TASK PROMPT: Take every line from the records below that includes the word "high".

━━━ RECORDS TO USE

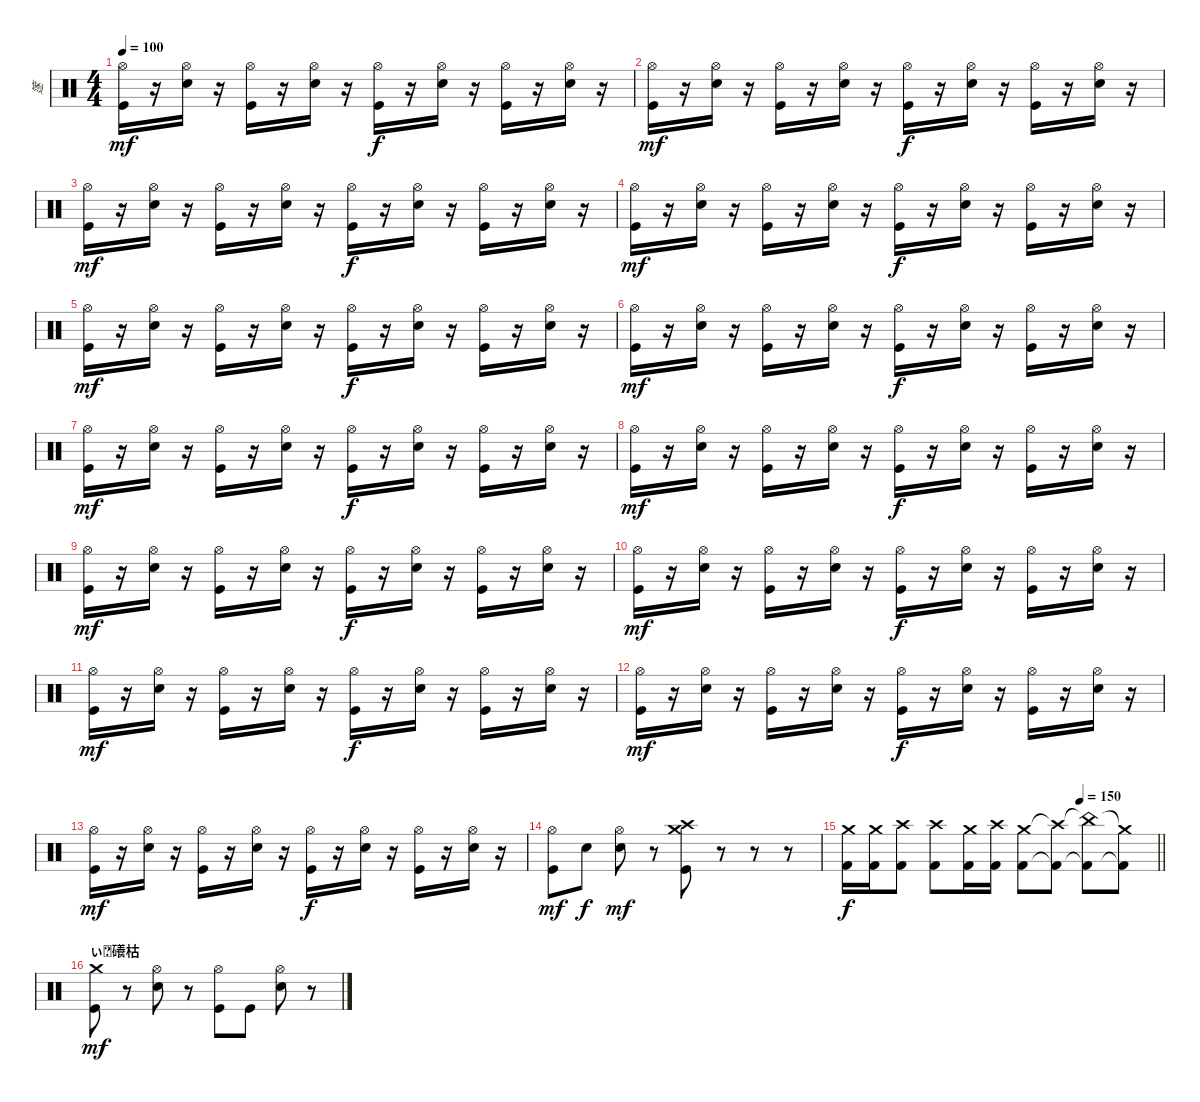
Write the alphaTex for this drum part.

\track ("篴" "篴") {instrument percussion}
\staff {score}
\articulation defaults
\ts (4 4)
\tempo 100
\clef neutral
\ks c
("Hi-Hat (open)" "Kick (hit)").16{dy mf} r.16 ("Hi-Hat (open)" "Snare (hit) 2").16 r.16 ("Hi-Hat (open)" "Kick (hit)").16 r.16 ("Hi-Hat (open)" "Snare (hit) 2").16 r.16 ("Hi-Hat (open)" "Kick (hit)").16{dy f} r.16 ("Hi-Hat (open)" "Snare (hit) 2").16 r.16 ("Hi-Hat (open)" "Kick (hit)").16 r.16 ("Hi-Hat (open)" "Snare (hit) 2").16 r.16 |
("Hi-Hat (open)" "Kick (hit)").16{dy mf} r.16 ("Hi-Hat (open)" "Snare (hit) 2").16 r.16 ("Hi-Hat (open)" "Kick (hit)").16 r.16 ("Hi-Hat (open)" "Snare (hit) 2").16 r.16 ("Hi-Hat (open)" "Kick (hit)").16{dy f} r.16 ("Hi-Hat (open)" "Snare (hit) 2").16 r.16 ("Hi-Hat (open)" "Kick (hit)").16 r.16 ("Hi-Hat (open)" "Snare (hit) 2").16 r.16 |
("Hi-Hat (open)" "Kick (hit)").16{dy mf} r.16 ("Hi-Hat (open)" "Snare (hit) 2").16 r.16 ("Hi-Hat (open)" "Kick (hit)").16 r.16 ("Hi-Hat (open)" "Snare (hit) 2").16 r.16 ("Hi-Hat (open)" "Kick (hit)").16{dy f} r.16 ("Hi-Hat (open)" "Snare (hit) 2").16 r.16 ("Hi-Hat (open)" "Kick (hit)").16 r.16 ("Hi-Hat (open)" "Snare (hit) 2").16 r.16 |
("Hi-Hat (open)" "Kick (hit)").16{dy mf} r.16 ("Hi-Hat (open)" "Snare (hit) 2").16 r.16 ("Hi-Hat (open)" "Kick (hit)").16 r.16 ("Hi-Hat (open)" "Snare (hit) 2").16 r.16 ("Hi-Hat (open)" "Kick (hit)").16{dy f} r.16 ("Hi-Hat (open)" "Snare (hit) 2").16 r.16 ("Hi-Hat (open)" "Kick (hit)").16 r.16 ("Hi-Hat (open)" "Snare (hit) 2").16 r.16 |
("Hi-Hat (open)" "Kick (hit)").16{dy mf} r.16 ("Hi-Hat (open)" "Snare (hit) 2").16 r.16 ("Hi-Hat (open)" "Kick (hit)").16 r.16 ("Hi-Hat (open)" "Snare (hit) 2").16 r.16 ("Hi-Hat (open)" "Kick (hit)").16{dy f} r.16 ("Hi-Hat (open)" "Snare (hit) 2").16 r.16 ("Hi-Hat (open)" "Kick (hit)").16 r.16 ("Hi-Hat (open)" "Snare (hit) 2").16 r.16 |
("Hi-Hat (open)" "Kick (hit)").16{dy mf} r.16 ("Hi-Hat (open)" "Snare (hit) 2").16 r.16 ("Hi-Hat (open)" "Kick (hit)").16 r.16 ("Hi-Hat (open)" "Snare (hit) 2").16 r.16 ("Hi-Hat (open)" "Kick (hit)").16{dy f} r.16 ("Hi-Hat (open)" "Snare (hit) 2").16 r.16 ("Hi-Hat (open)" "Kick (hit)").16 r.16 ("Hi-Hat (open)" "Snare (hit) 2").16 r.16 |
("Hi-Hat (open)" "Kick (hit)").16{dy mf} r.16 ("Hi-Hat (open)" "Snare (hit) 2").16 r.16 ("Hi-Hat (open)" "Kick (hit)").16 r.16 ("Hi-Hat (open)" "Snare (hit) 2").16 r.16 ("Hi-Hat (open)" "Kick (hit)").16{dy f} r.16 ("Hi-Hat (open)" "Snare (hit) 2").16 r.16 ("Hi-Hat (open)" "Kick (hit)").16 r.16 ("Hi-Hat (open)" "Snare (hit) 2").16 r.16 |
("Hi-Hat (open)" "Kick (hit)").16{dy mf} r.16 ("Hi-Hat (open)" "Snare (hit) 2").16 r.16 ("Hi-Hat (open)" "Kick (hit)").16 r.16 ("Hi-Hat (open)" "Snare (hit) 2").16 r.16 ("Hi-Hat (open)" "Kick (hit)").16{dy f} r.16 ("Hi-Hat (open)" "Snare (hit) 2").16 r.16 ("Hi-Hat (open)" "Kick (hit)").16 r.16 ("Hi-Hat (open)" "Snare (hit) 2").16 r.16 |
("Hi-Hat (open)" "Kick (hit)").16{dy mf} r.16 ("Hi-Hat (open)" "Snare (hit) 2").16 r.16 ("Hi-Hat (open)" "Kick (hit)").16 r.16 ("Hi-Hat (open)" "Snare (hit) 2").16 r.16 ("Hi-Hat (open)" "Kick (hit)").16{dy f} r.16 ("Hi-Hat (open)" "Snare (hit) 2").16 r.16 ("Hi-Hat (open)" "Kick (hit)").16 r.16 ("Hi-Hat (open)" "Snare (hit) 2").16 r.16 |
("Hi-Hat (open)" "Kick (hit)").16{dy mf} r.16 ("Hi-Hat (open)" "Snare (hit) 2").16 r.16 ("Hi-Hat (open)" "Kick (hit)").16 r.16 ("Hi-Hat (open)" "Snare (hit) 2").16 r.16 ("Hi-Hat (open)" "Kick (hit)").16{dy f} r.16 ("Hi-Hat (open)" "Snare (hit) 2").16 r.16 ("Hi-Hat (open)" "Kick (hit)").16 r.16 ("Hi-Hat (open)" "Snare (hit) 2").16 r.16 |
("Hi-Hat (open)" "Kick (hit)").16{dy mf} r.16 ("Hi-Hat (open)" "Snare (hit) 2").16 r.16 ("Hi-Hat (open)" "Kick (hit)").16 r.16 ("Hi-Hat (open)" "Snare (hit) 2").16 r.16 ("Hi-Hat (open)" "Kick (hit)").16{dy f} r.16 ("Hi-Hat (open)" "Snare (hit) 2").16 r.16 ("Hi-Hat (open)" "Kick (hit)").16 r.16 ("Hi-Hat (open)" "Snare (hit) 2").16 r.16 |
("Hi-Hat (open)" "Kick (hit)").16{dy mf} r.16 ("Hi-Hat (open)" "Snare (hit) 2").16 r.16 ("Hi-Hat (open)" "Kick (hit)").16 r.16 ("Hi-Hat (open)" "Snare (hit) 2").16 r.16 ("Hi-Hat (open)" "Kick (hit)").16{dy f} r.16 ("Hi-Hat (open)" "Snare (hit) 2").16 r.16 ("Hi-Hat (open)" "Kick (hit)").16 r.16 ("Hi-Hat (open)" "Snare (hit) 2").16 r.16 |
("Hi-Hat (open)" "Kick (hit)").16{dy mf} r.16 ("Hi-Hat (open)" "Snare (hit) 2").16 r.16 ("Hi-Hat (open)" "Kick (hit)").16 r.16 ("Hi-Hat (open)" "Snare (hit) 2").16 r.16 ("Hi-Hat (open)" "Kick (hit)").16{dy f} r.16 ("Hi-Hat (open)" "Snare (hit) 2").16 r.16 ("Hi-Hat (open)" "Kick (hit)").16 r.16 ("Hi-Hat (open)" "Snare (hit) 2").16 r.16 |
("Hi-Hat (open)" "Kick (hit)").8{dy mf} "Snare (hit) 2".8{dy f} ("Hi-Hat (open)" "Snare (hit) 2").8{dy mf} r.8 ("Crash medium (hit)" "Crash high (hit)" "Kick (hit)").8 r.8 r.8 r.8 |
\tempo (150 0.75)
\barLineRight lightlight
("Crash medium (hit)" "Kick (hit) 2").16{dy f} ("Crash medium (hit)" "Kick (hit) 2").16 ("Crash high (hit)" "Kick (hit) 2").8 ("Crash high (hit)" "Kick (hit) 2").8 ("Crash medium (hit)" "Kick (hit) 2").16 ("Crash high (hit)" "Kick (hit) 2").16 ("Crash medium (hit)" "Kick (hit) 2").8 ("Crash high (hit)"{t} "Kick (hit) 2"{t}).8 ("China (hit)"{t} "Kick (hit) 2"{t}).8 ("Crash medium (hit)"{t} "Kick (hit) 2"{t}).8 |
\section ("" "ぃ礢枯")
("Crash medium (hit)" "Kick (hit)").8{dy mf} r.8 ("Hi-Hat (open)" "Snare (hit) 2").8 r.8 ("Hi-Hat (open)" "Kick (hit)").8 "Kick (hit)".8 ("Hi-Hat (open)" "Snare (hit) 2").8 r.8

━━━━━━

YOUR SOLUTION:
("Hi-Hat (open)" "Kick (hit)").8{dy mf} "Snare (hit) 2".8{dy f} ("Hi-Hat (open)" "Snare (hit) 2").8{dy mf} r.8 ("Crash medium (hit)" "Crash high (hit)" "Kick (hit)").8 r.8 r.8 r.8 |
("Crash medium (hit)" "Kick (hit) 2").16{dy f} ("Crash medium (hit)" "Kick (hit) 2").16 ("Crash high (hit)" "Kick (hit) 2").8 ("Crash high (hit)" "Kick (hit) 2").8 ("Crash medium (hit)" "Kick (hit) 2").16 ("Crash high (hit)" "Kick (hit) 2").16 ("Crash medium (hit)" "Kick (hit) 2").8 ("Crash high (hit)"{t} "Kick (hit) 2"{t}).8 ("China (hit)"{t} "Kick (hit) 2"{t}).8 ("Crash medium (hit)"{t} "Kick (hit) 2"{t}).8 |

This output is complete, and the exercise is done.